▶ **What the exercise asks**:
Give back exactly the lines of the entries below from the line with "- cardboard box [0, 0, 141, 21]" to the line with "- pallet [327, 0, 378, 14]", inclusive, and only those.

── Data records ──

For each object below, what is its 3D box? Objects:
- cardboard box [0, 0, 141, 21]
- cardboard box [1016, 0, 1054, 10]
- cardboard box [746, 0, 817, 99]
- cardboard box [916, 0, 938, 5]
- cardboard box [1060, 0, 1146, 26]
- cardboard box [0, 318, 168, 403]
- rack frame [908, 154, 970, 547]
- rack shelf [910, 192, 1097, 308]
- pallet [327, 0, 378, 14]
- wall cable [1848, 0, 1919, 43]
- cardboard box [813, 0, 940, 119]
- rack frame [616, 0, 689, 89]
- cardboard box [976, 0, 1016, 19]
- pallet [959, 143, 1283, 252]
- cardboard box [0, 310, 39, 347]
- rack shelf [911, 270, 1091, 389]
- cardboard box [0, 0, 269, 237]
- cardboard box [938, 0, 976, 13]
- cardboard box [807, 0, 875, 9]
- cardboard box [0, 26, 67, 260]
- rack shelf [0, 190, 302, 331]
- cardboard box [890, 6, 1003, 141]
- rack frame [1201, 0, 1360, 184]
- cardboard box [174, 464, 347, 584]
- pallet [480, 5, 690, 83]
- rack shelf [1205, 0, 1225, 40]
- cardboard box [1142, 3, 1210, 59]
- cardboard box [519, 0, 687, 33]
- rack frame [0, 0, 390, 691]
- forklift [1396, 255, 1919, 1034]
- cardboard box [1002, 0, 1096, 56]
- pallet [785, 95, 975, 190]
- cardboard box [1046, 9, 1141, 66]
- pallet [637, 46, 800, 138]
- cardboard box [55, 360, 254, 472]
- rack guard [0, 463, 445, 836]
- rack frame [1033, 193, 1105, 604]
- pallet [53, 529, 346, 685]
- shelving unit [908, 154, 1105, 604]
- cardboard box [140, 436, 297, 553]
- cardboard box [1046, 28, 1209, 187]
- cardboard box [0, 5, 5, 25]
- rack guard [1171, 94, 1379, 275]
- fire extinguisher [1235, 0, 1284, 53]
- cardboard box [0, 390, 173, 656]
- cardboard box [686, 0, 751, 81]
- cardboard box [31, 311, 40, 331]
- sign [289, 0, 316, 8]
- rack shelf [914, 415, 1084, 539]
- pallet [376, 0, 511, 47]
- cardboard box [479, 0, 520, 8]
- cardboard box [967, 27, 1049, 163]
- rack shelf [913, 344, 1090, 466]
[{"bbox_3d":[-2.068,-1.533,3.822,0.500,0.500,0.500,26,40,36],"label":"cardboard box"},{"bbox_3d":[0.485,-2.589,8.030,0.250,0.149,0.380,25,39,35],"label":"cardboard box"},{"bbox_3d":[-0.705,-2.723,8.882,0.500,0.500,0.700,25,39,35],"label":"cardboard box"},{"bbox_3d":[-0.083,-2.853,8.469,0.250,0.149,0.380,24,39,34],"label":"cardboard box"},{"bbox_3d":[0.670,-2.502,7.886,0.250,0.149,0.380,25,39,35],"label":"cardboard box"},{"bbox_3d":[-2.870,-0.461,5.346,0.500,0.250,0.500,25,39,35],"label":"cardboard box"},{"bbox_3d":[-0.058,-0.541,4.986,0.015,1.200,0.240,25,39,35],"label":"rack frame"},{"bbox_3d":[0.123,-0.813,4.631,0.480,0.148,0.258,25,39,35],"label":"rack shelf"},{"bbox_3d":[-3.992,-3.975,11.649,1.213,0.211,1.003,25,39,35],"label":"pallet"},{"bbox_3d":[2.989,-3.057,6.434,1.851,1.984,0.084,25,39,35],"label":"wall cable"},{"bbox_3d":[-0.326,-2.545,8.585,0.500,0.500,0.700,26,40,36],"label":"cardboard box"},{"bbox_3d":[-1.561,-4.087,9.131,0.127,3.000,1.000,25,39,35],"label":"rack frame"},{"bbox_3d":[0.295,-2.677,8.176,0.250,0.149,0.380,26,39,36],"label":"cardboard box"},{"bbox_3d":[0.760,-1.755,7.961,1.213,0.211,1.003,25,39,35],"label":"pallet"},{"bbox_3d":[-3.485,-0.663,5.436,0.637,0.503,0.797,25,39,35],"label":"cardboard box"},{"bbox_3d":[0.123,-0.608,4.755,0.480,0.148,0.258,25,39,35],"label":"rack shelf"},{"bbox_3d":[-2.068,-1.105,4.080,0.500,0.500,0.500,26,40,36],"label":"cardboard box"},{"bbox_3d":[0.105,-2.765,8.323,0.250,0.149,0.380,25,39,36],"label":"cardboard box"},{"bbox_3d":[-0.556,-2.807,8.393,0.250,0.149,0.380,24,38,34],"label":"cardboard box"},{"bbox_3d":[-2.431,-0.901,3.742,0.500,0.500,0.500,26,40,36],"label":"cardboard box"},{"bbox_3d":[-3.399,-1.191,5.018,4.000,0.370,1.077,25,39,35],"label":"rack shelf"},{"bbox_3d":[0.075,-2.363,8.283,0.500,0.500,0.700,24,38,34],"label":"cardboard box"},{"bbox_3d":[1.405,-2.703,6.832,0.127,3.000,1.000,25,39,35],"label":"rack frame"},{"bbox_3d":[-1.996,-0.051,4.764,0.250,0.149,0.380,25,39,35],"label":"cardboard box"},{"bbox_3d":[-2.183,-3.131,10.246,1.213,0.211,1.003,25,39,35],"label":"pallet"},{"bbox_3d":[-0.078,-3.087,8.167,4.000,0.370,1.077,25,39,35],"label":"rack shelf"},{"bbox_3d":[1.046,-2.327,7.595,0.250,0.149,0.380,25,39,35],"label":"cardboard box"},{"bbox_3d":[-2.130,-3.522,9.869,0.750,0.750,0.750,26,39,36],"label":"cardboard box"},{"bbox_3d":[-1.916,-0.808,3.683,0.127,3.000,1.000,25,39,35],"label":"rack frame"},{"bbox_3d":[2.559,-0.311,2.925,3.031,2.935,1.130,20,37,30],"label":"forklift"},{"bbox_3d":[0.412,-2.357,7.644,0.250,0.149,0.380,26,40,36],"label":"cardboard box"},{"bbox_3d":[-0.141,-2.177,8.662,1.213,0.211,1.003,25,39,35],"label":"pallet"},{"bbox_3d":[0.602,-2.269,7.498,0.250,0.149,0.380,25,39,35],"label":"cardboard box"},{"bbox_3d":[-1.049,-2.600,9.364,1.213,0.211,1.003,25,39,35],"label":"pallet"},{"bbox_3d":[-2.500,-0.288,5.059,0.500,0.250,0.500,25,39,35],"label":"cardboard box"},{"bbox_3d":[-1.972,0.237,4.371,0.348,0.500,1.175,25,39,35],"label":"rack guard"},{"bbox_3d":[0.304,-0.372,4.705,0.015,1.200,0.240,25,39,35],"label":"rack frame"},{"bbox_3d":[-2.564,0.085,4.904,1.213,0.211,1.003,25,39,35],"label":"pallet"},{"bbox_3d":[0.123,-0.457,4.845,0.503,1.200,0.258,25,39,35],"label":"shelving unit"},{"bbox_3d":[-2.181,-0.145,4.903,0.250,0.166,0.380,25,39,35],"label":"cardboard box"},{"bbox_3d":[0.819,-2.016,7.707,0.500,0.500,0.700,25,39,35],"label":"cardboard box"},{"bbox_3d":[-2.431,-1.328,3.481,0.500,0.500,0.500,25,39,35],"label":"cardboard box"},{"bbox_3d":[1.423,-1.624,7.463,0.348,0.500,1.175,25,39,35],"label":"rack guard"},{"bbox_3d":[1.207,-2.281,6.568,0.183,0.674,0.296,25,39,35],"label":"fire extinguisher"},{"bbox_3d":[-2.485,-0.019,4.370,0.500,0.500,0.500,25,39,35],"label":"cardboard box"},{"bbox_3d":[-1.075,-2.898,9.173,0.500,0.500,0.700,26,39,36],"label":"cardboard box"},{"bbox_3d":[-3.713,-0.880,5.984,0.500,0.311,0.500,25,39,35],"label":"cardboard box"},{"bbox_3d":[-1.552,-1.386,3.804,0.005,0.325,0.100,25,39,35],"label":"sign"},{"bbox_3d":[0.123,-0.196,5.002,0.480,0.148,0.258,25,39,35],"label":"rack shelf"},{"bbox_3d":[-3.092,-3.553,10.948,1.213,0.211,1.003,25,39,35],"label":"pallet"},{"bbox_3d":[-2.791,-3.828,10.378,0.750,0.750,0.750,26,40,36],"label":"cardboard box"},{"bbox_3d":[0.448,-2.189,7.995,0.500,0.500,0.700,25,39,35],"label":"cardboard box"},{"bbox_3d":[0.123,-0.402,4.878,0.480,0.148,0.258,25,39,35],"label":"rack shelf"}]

───

▶ **Answer to this problem**:
- cardboard box [0, 0, 141, 21]
- cardboard box [1016, 0, 1054, 10]
- cardboard box [746, 0, 817, 99]
- cardboard box [916, 0, 938, 5]
- cardboard box [1060, 0, 1146, 26]
- cardboard box [0, 318, 168, 403]
- rack frame [908, 154, 970, 547]
- rack shelf [910, 192, 1097, 308]
- pallet [327, 0, 378, 14]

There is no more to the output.